Maria non ha esitato a spiccare il volo quel giorno nella santa casa di Nazareth. È lei che oggi ci richiama, quindi, la vocazione a volare alto con il nostro spirito e la nostra vita, con le ali della fede, della carità e della speranza.

Guardando la terra dall’alto vediamo che la terra è bella, tutta verde e azzurra, pulita e innocente, dall’alto non si vede la miseria della guerra, della povertà, della fame, della violenza, dall’alto non si vede il male. Ma sappiamo che sono realtà concrete purtroppo. Per questo volare alto significa anche essere capaci di sollevare il capo e guardare al luogo dove sta la salvezza, dove sta la risposta: la dimora di Dio

Non dobbiamo aver paura di stare in alta quota. Solo così possiamo guardare meglio alla nostra esistenza, al mondo che ci circonda, perché ci si solleva sino allo sguardo di Cristo sulla vita e sulla storia.

Mi è caro citare papa Francesco, che parlando proprio a voi aviatori, ha detto: Per voi “volare alto” significa essere operatori di pace, servire la pace sia nelle missioni in volo sia nei servizi a terra, sia in patria sia fuori, in zone di conflitto. La Santa Casa di Loreto ci ricorda che, dovunque siamo, abbiamo una casa che custodisce le nostre radici cristiane; e abbiamo una Madre che veglia su di noi. La casa è la Chiesa e la Madre è Maria. Da lei impariamo soprattutto l’umiltà, che è la via che conduce al Cielo”.

Auspico che si realizzi per ognuno di voi, cari aviatori, quello che chiedete nella preghiera dell’aviatore: Tu, Dio, dacci le ali delle aquile, lo sguardo delle aquile, l’artiglio delle aquile.

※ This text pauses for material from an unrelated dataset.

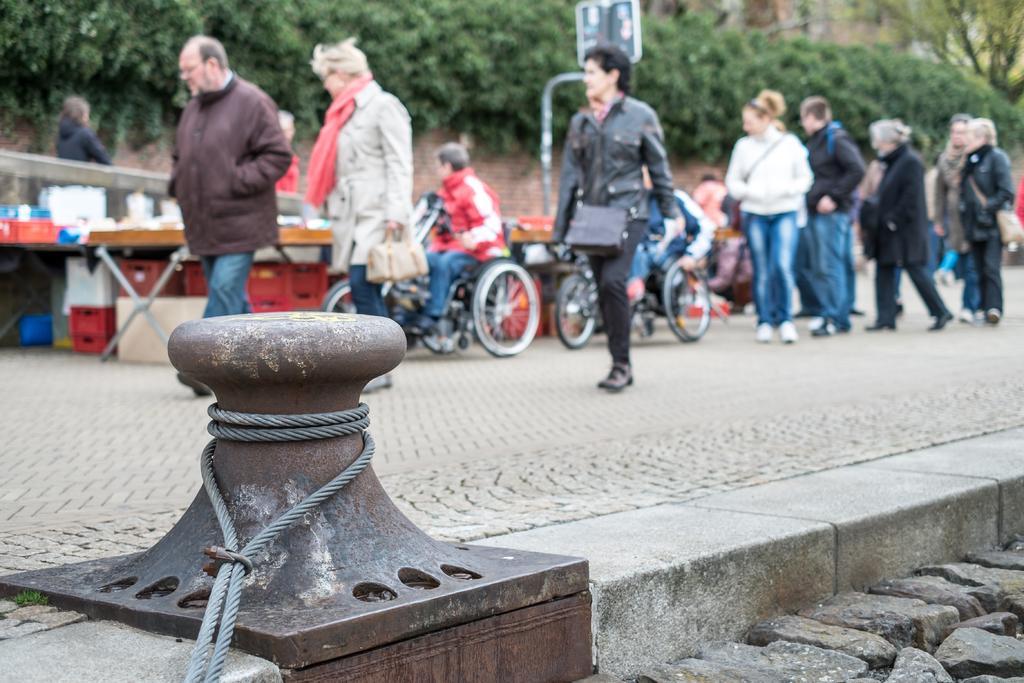Can you describe this image briefly? In this image we can see group of persons standing on the ground. Some persons are carrying bags. Two persons are sitting on wheelchairs. In the background, we can see group of tables, containers placed on the ground, a group of trees and sign board. In the foreground we can see a pole with cable and some rocks. 
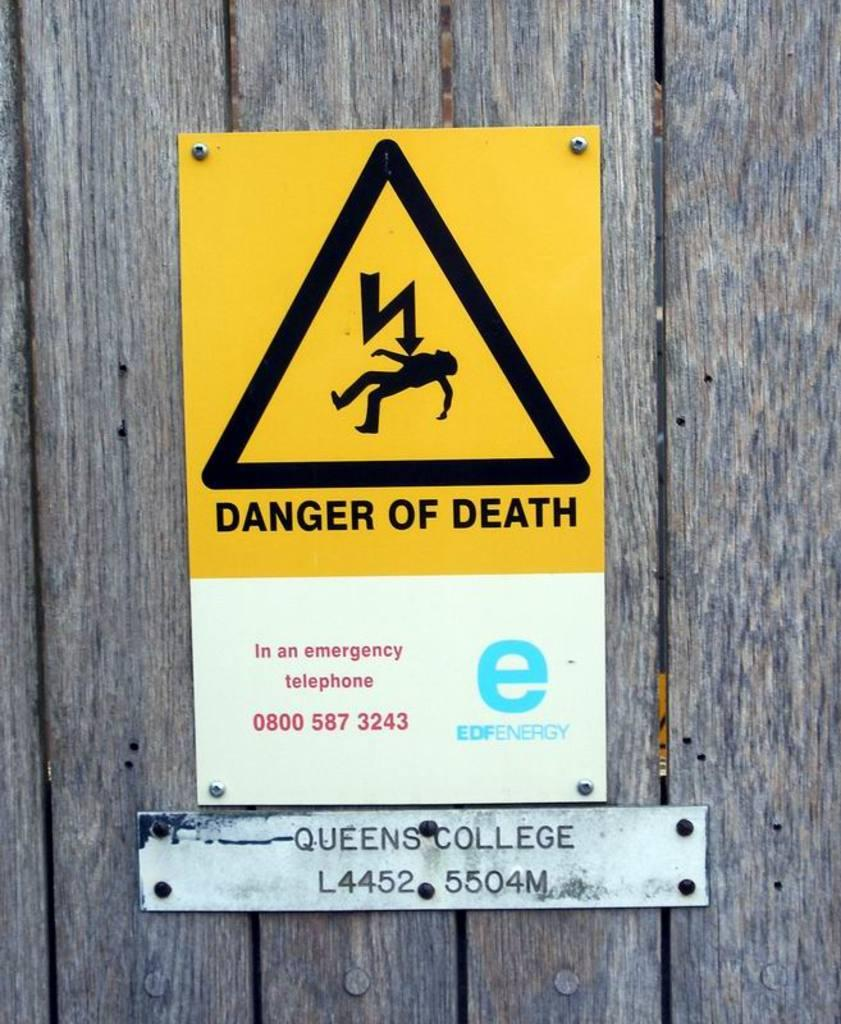<image>
Create a compact narrative representing the image presented. A yellow and black sign that says danger of death on it.

La Vergine di Loreto custodisca tutti gli aviatori, e custodisca tutti coloro che solcano i cieli; e aiuti loro, e tutti noi, a essere riconoscenti a Dio per il dono di volare liberi verso di Lui; e ci aiuti a fare di questa libertà, come dice Paolo, non un pretesto per vivere secondo il nostro egoismo, ma la radice di una carità sempre più forte e piena, riflesso dell’amore senza riserve del Dio che ci ama, ci libera e, sollevandoci su ali di aquila, ci fa giungere fino a Sé.